Con un palmarés impresionante, a Emilia Paunica se le complicó todo cuando vio que los resultados no le salían: “Más de 43 medallas internacionales con España sí tengo, y en Máster unas cuantas más. Sin embargo en 2001, en San Sebastián, acabé última en la prueba y pensé en retirarme. Tenía un gimnasio en El Zapillo y de repente no supe qué hacer con mi vida. La burbuja explotó de nuevo. Me gastaba todo lo que ganaba sin pensar en que un día se terminaría. No nos enseñaron a gestionar eso”. Tuvo incluso problemas con el alcohol: “Toqué fondo. Bebía alcohol, me miraba al espejo, pesaba 63 kilos y no entendía nada, así que opté por cambiar el camino y volver a la disciplina. Encontré en la categoría Máster la vía de escape para competir otra vez. He visto a gente con 103 años haciendo pruebas así que regresé al éxito”.

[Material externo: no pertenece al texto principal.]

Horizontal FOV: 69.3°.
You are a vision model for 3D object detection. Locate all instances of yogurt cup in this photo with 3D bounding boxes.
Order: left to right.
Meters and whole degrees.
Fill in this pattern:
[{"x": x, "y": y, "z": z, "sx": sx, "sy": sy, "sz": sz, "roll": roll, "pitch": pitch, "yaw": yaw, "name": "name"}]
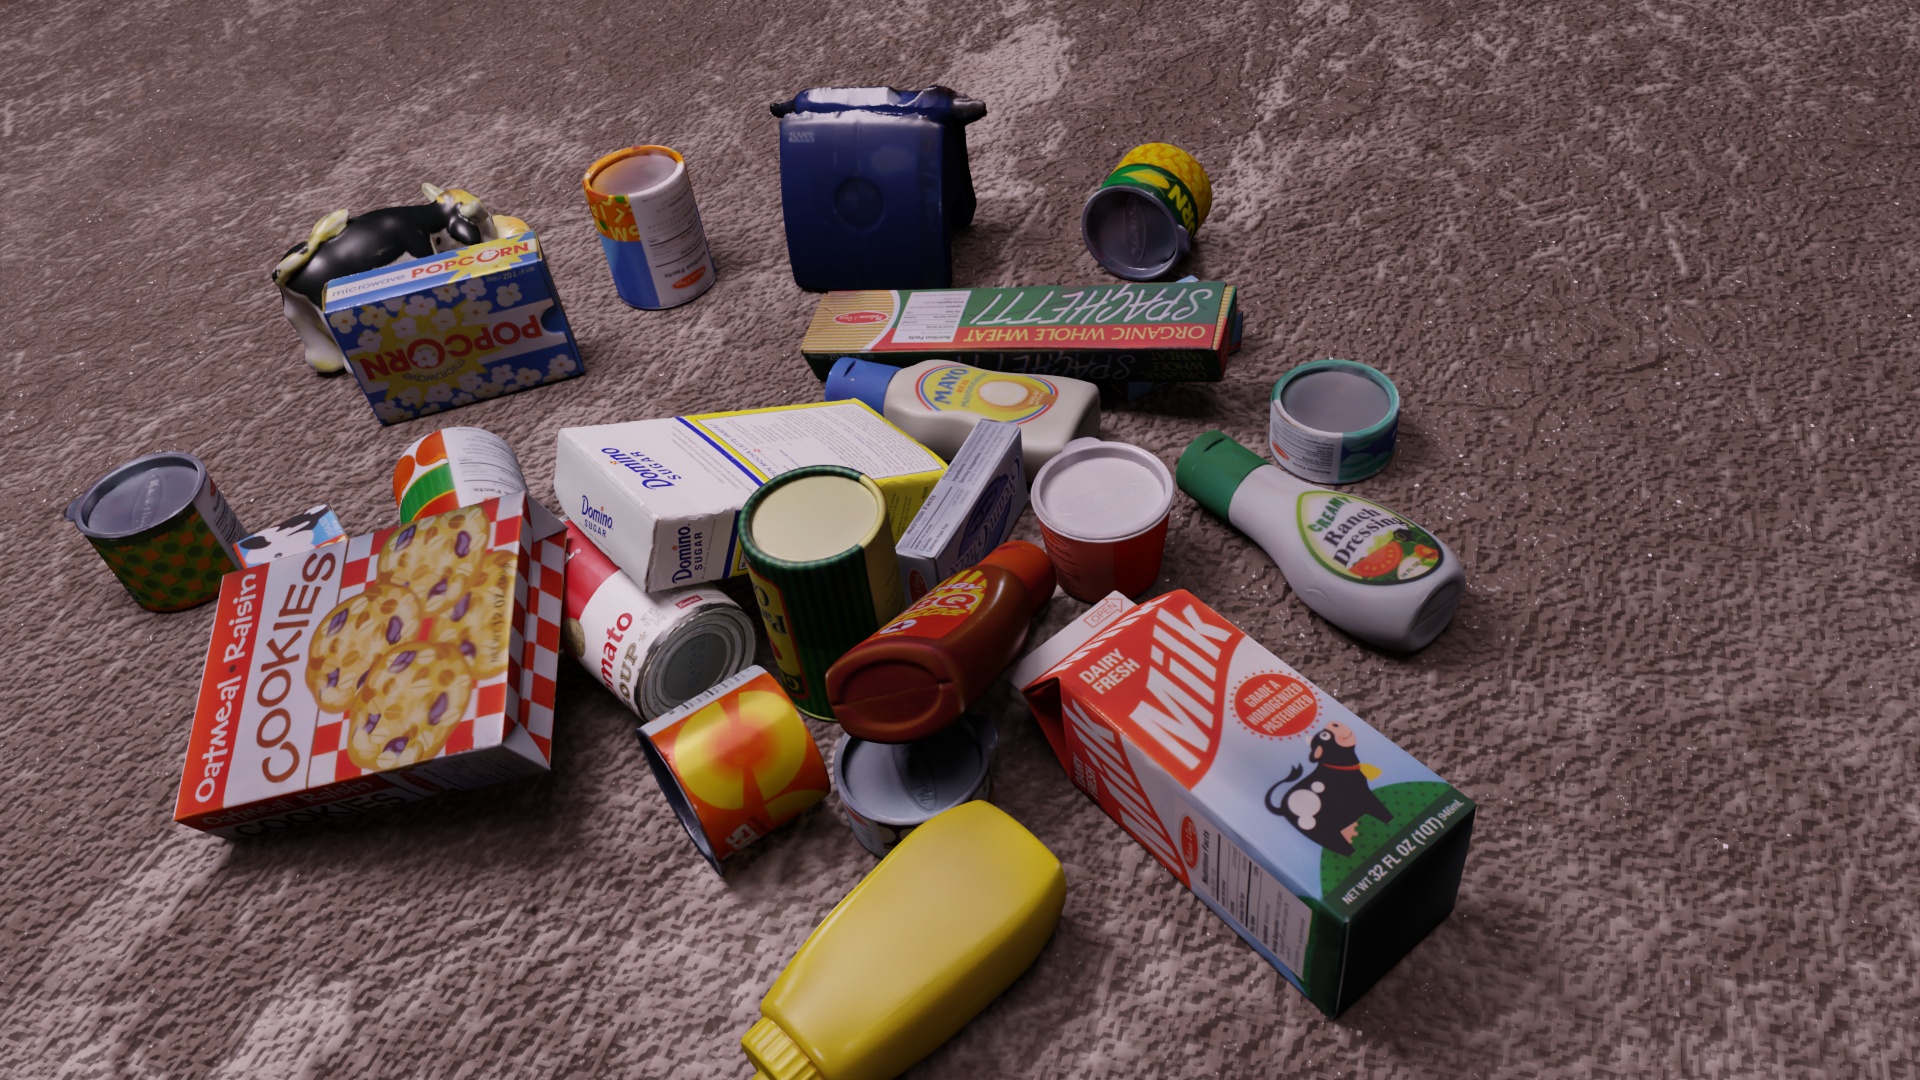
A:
[{"x": 0.070, "y": -0.006, "z": 0.675, "sx": 0.072, "sy": 0.053, "sz": 0.073, "roll": -4, "pitch": 44, "yaw": 4, "name": "yogurt cup"}]

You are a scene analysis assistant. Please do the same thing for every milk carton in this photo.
[{"x": 0.103, "y": 0.088, "z": 0.559, "sx": 0.072, "sy": 0.073, "sz": 0.191, "roll": -33, "pitch": 49, "yaw": -23, "name": "milk carton"}]

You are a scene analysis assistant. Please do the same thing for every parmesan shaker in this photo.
[{"x": -0.059, "y": 0.022, "z": 0.629, "sx": 0.071, "sy": 0.102, "sz": 0.072, "roll": -4, "pitch": 44, "yaw": 4, "name": "parmesan shaker"}]

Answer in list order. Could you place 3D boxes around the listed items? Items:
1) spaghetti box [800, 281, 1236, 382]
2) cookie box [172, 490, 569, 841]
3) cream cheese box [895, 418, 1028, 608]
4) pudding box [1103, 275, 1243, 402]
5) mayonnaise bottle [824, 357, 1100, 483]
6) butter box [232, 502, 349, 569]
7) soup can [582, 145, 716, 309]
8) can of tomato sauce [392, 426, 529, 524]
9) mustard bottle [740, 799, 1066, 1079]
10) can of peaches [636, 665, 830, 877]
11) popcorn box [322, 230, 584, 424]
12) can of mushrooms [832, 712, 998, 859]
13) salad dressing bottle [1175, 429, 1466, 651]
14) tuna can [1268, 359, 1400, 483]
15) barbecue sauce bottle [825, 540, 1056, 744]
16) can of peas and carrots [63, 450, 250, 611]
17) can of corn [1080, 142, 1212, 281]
[{"x": 0.029, "y": -0.116, "z": 0.781, "sx": 0.250, "sy": 0.028, "sz": 0.050, "roll": 3, "pitch": 56, "yaw": 24, "name": "spaghetti box"}, {"x": -0.261, "y": 0.057, "z": 0.622, "sx": 0.167, "sy": 0.040, "sz": 0.123, "roll": -14, "pitch": 58, "yaw": 14, "name": "cookie box"}, {"x": 0.002, "y": -0.009, "z": 0.688, "sx": 0.024, "sy": 0.053, "sz": 0.104, "roll": 14, "pitch": 48, "yaw": 21, "name": "cream cheese box"}, {"x": 0.115, "y": -0.118, "z": 0.800, "sx": 0.084, "sy": 0.030, "sz": 0.050, "roll": -26, "pitch": 48, "yaw": -17, "name": "pudding box"}, {"x": -0.002, "y": -0.071, "z": 0.761, "sx": 0.148, "sy": 0.041, "sz": 0.065, "roll": 13, "pitch": 48, "yaw": 20, "name": "mayonnaise bottle"}, {"x": -0.336, "y": 0.024, "z": 0.724, "sx": 0.053, "sy": 0.024, "sz": 0.104, "roll": -29, "pitch": 48, "yaw": -21, "name": "butter box"}, {"x": -0.202, "y": -0.203, "z": 0.896, "sx": 0.071, "sy": 0.083, "sz": 0.072, "roll": -5, "pitch": 44, "yaw": 5, "name": "soup can"}, {"x": -0.255, "y": -0.008, "z": 0.718, "sx": 0.071, "sy": 0.070, "sz": 0.083, "roll": -22, "pitch": 45, "yaw": -14, "name": "can of tomato sauce"}, {"x": -0.032, "y": 0.166, "z": 0.517, "sx": 0.161, "sy": 0.048, "sz": 0.065, "roll": -37, "pitch": 51, "yaw": -26, "name": "mustard bottle"}, {"x": -0.094, "y": 0.096, "z": 0.587, "sx": 0.058, "sy": 0.071, "sz": 0.071, "roll": -30, "pitch": 48, "yaw": -21, "name": "can of peaches"}, {"x": -0.301, "y": -0.126, "z": 0.830, "sx": 0.127, "sy": 0.084, "sz": 0.038, "roll": -16, "pitch": 44, "yaw": -8, "name": "popcorn box"}, {"x": -0.017, "y": 0.101, "z": 0.592, "sx": 0.071, "sy": 0.033, "sz": 0.071, "roll": -5, "pitch": 43, "yaw": 4, "name": "can of mushrooms"}, {"x": 0.167, "y": -0.004, "z": 0.666, "sx": 0.064, "sy": 0.043, "sz": 0.148, "roll": -32, "pitch": 49, "yaw": -24, "name": "salad dressing bottle"}, {"x": 0.198, "y": -0.065, "z": 0.732, "sx": 0.071, "sy": 0.032, "sz": 0.071, "roll": -4, "pitch": 44, "yaw": 4, "name": "tuna can"}, {"x": 0.001, "y": 0.039, "z": 0.609, "sx": 0.065, "sy": 0.043, "sz": 0.149, "roll": -14, "pitch": 11, "yaw": 27, "name": "barbecue sauce bottle"}, {"x": -0.426, "y": -0.004, "z": 0.741, "sx": 0.071, "sy": 0.058, "sz": 0.071, "roll": -5, "pitch": 44, "yaw": 5, "name": "can of peas and carrots"}, {"x": 0.119, "y": -0.204, "z": 0.863, "sx": 0.071, "sy": 0.070, "sz": 0.058, "roll": 16, "pitch": 48, "yaw": 23, "name": "can of corn"}]

Otro referente histórico del atletismo en Almería, don Emilio Campra.

Otro referente histórico del atletismo en Almería, don Emilio Campra.LA VOZ de Almería

"Tengo una agenda y apunto todo desde los 7 años"

La pandemia obligó a parar y a Emilia Paunica se le abrió una nueva puerta: “Aprendí a meditar. Soy una persona inquieta y estar encerrada me superaba”. La experiencia de tantos años en la élite le lleva a reflexionar: “Pasamos demasiado tiempo con el teléfono y cuando te das cuenta llevas 5 horas, con lo que una persona puede hacer en ese tiempo. Yo valoro mucho el tiempo libre ahora mismo. Cuando tenía 7 años mi entrenador me dio una agenda y ahí apunto todo lo que hago, y hoy en día la mantengo. En la vida hay que tener orden y lo recomiendo. Se puede ser feliz con cosas pequeñas”.

"Me queda mucho deporte todavía. No está e mis planes jubilarme ahora mismo"Emilia Paunica, deportista

Y quiere dejar muy claro que todavía tiene gasolina para más años de atletismo: “Me queda mucho deporte todavía, no me voy a jubilar, o al menos no está en mis planes. Nunca he dejado de entrenar. En algunos campeonatos me quedaba última pero nadie sabe qué hay detrás. El deporte es terapia y si me siento mal salgo a correr, o a hacer pesas. Más zapatillas o más chándal y menos medicamentos”.